By far, the major improvement was to use 16-bit pointers, instead of 32 bit. In fact, in the GBA Doom port, the majority of the pointers point to structures, which are stored in RAM, and are 4-byte aligned. Since there are less than 128kB RAM, this limits the useful address width to 17 bits. However, since the structures are 4-byte aligned, the 2 LSBs are not needed, because they are always zero, therefore a 16 bit integer can contain all the information to find something stored in RAM.
This trick, on one hand saves a lot of RAM, on the other adds some overhead to convert a long pointer to short, and vice versa. This is not a big issue: we have an 80MHz Cortex M33.
After a lot of memory optimizations, I was able to run the full shareware episode, including E1M6! This only using less than 108kB of RAM!
Furthermore, using only 3kB of flash, and few bytes of RAM, I was able to bring back the Z-Depth lighting effect!
LET’S ADD AUDIO
After almost everything was ported and fixed (menu, intermission screens, savegame, etc), something was still missing… Audio!
Luckily the MG21 features DMA, and timers that can work in PWM mode. Doom audio samples are 8-bit, 11025 Hz. Since I expect a frame rate well above 10Hz, I used a 1024-sample buffer, which is filled/refreshed each frame. This means that the minimum frame rate we need to have is 10.8 fps. Going below that threshold will trigger audio glitches. Here I explain why interrupts cannot be used for this purpose.
Since there are 8 channels at 8 bits, each sample of the audio buffer (which is the mix of all the 8 channels) is larger than one byte, therefore the audio buffer is 2048 bytes. To recover these 2 kB lost, further RAM optimizations had to be done.
Noticeably only sound FX are implemented. Music is not.
THE HARDWARE

It is extremely simple: the Ikea module is soldered to a DC-DC converter, which already generates 3.3V and 5V. All what you need is just the display itself (I used a quite standard 160x128 TFT pixel), the 8 Mbyte SPI flash, a widespread shift register, 8 pushbuttons and few passives. That’s it!

The module accepts input from 5 to 30V, however you need to remove one resistor if you are planning to use it at low voltages (e.g. 12V). That resistor prevents the DC-DC converter IC from turning on, in case the input voltage is too low (see picture below).

The 74HC165 parallel input serial output shift register is used because the MGM210L module has very few I/O pins. This cheap IC allows to connect 8 pushbuttons. Using two ICs would allow for a bigger keyboard, but for sake of simplicity and size I stick to a 8-key layout.

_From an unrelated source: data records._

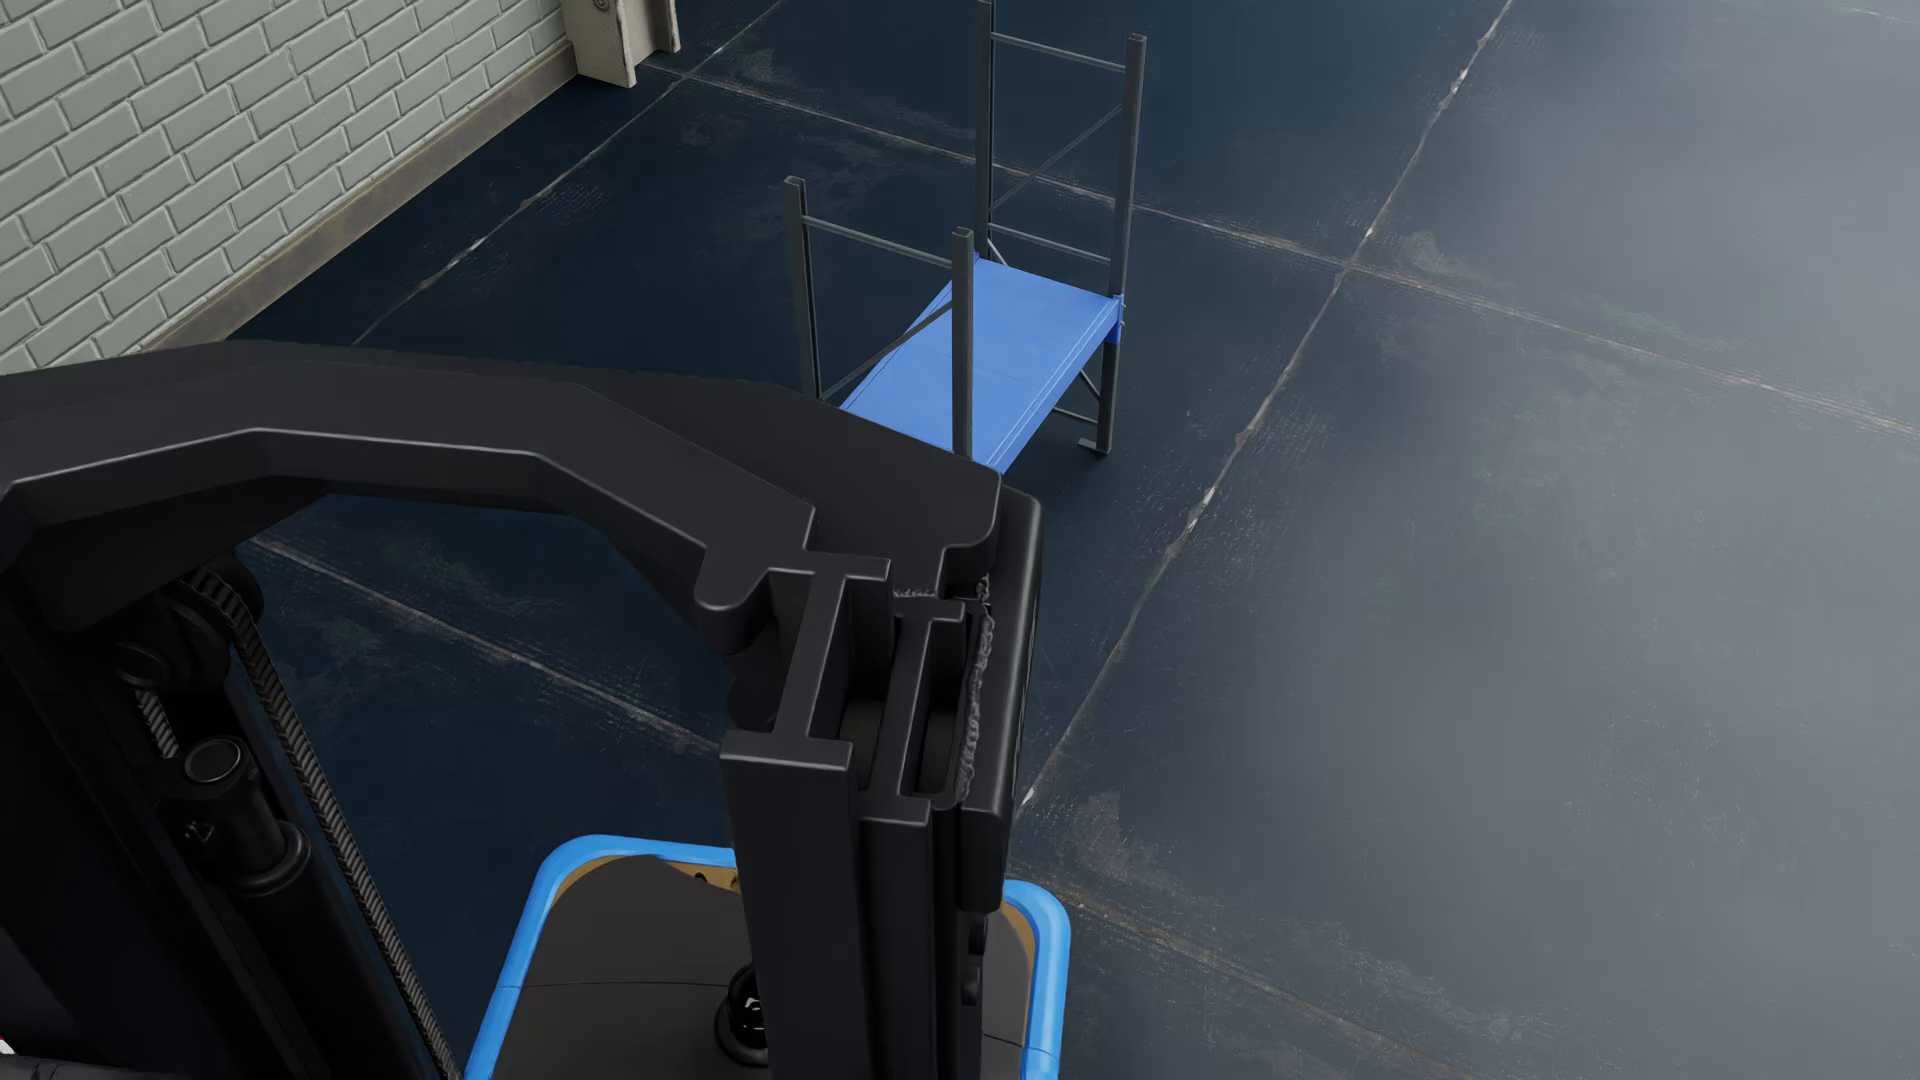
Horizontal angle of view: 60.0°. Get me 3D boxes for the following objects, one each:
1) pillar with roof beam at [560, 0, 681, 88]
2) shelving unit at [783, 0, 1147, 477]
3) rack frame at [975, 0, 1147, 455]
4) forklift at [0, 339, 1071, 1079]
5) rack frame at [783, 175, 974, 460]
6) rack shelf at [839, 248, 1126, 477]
[{"bbox_3d":[2.342,-3.867,2.745,9.100,9.000,0.400,20,49,19],"label":"pillar with roof beam"},{"bbox_3d":[0.040,-0.581,4.770,0.538,1.500,1.048,20,49,19],"label":"shelving unit"},{"bbox_3d":[0.276,-0.901,5.086,0.500,1.500,0.032,20,49,19],"label":"rack frame"},{"bbox_3d":[-0.482,1.367,1.838,1.130,2.935,3.031,5,46,5],"label":"forklift"},{"bbox_3d":[-0.196,-0.261,4.453,0.500,1.500,0.032,20,49,19],"label":"rack frame"},{"bbox_3d":[0.040,-0.455,4.898,0.538,0.185,1.000,20,49,19],"label":"rack shelf"}]
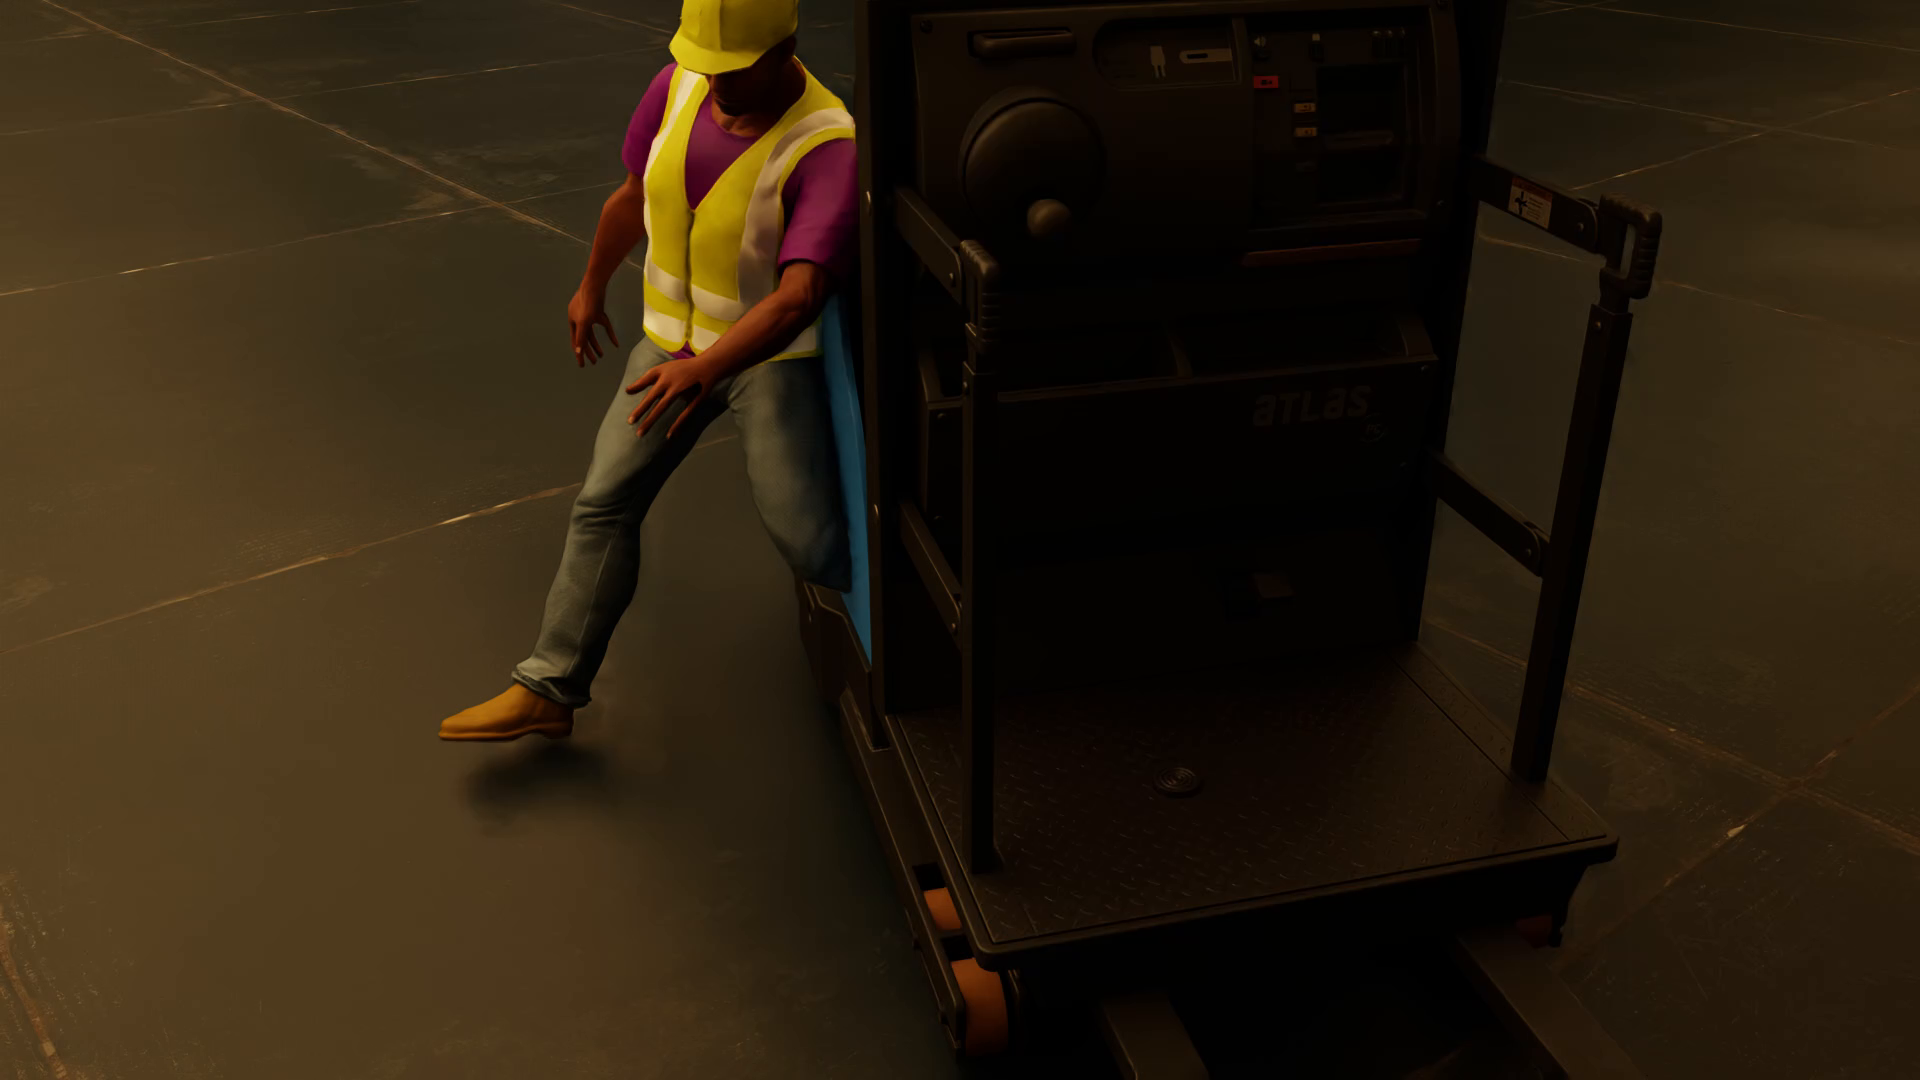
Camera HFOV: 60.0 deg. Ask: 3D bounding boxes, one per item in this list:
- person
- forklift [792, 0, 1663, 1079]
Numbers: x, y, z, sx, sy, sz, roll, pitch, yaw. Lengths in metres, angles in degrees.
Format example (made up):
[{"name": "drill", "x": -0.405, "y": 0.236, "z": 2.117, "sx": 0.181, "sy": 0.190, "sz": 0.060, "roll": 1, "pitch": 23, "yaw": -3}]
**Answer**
[{"name": "person", "x": -0.547, "y": -0.335, "z": 3.316, "sx": 0.917, "sy": 1.613, "sz": 0.967, "roll": 16, "pitch": 31, "yaw": 29}, {"name": "forklift", "x": 0.436, "y": -0.645, "z": 2.502, "sx": 1.130, "sy": 2.935, "sz": 3.031, "roll": -7, "pitch": 27, "yaw": -13}]

Noticeably, the external Flash is clocked at 40MHz, the display at 30MHz (note: overclock! According to its datasheet its maximum clock frequency would be 16MHz), and the shift register only al 5MHz. This is not a problem, the MG21 allows to switch clock (and peripheral I/O) very easily.
Finally, audio is connected using just a capacitor. Due to lack of space, I did not even mount a low pass filter, as the PWM frequency is very high, and I rely on the amplified speaker internal filter. Still, it is recommended, as it improves the quality. When I will make the PCB, there will be for sure enough space for a simple RC low pass filter.
BUILDING THE PROTOTYPE
You need to get the MGM210L from the IKEA lamp. The module is not write locked so it can be easily programmed using any SWD programmer. You might also find the MGM210L from conventional distributors. In the IKEA lamp it is soldered on a small board, which, as said, provides a 30V to 5V (and 3.3V) converter. Since the voltage conversion circuit is very useful, and separating the two boards is quite difficult, I suggest to keep them joined and use the DC-DC converter.
To do this, you need to do some wiring work, and also you need to remove the resistor marked R25, as seen in the picture, shown before.


I used prototyping boards, but as you can see, you’ll end with a mess of wires. In the future I plan to release a KiCAD PCB layout in the github repository, so the design will be much more compact.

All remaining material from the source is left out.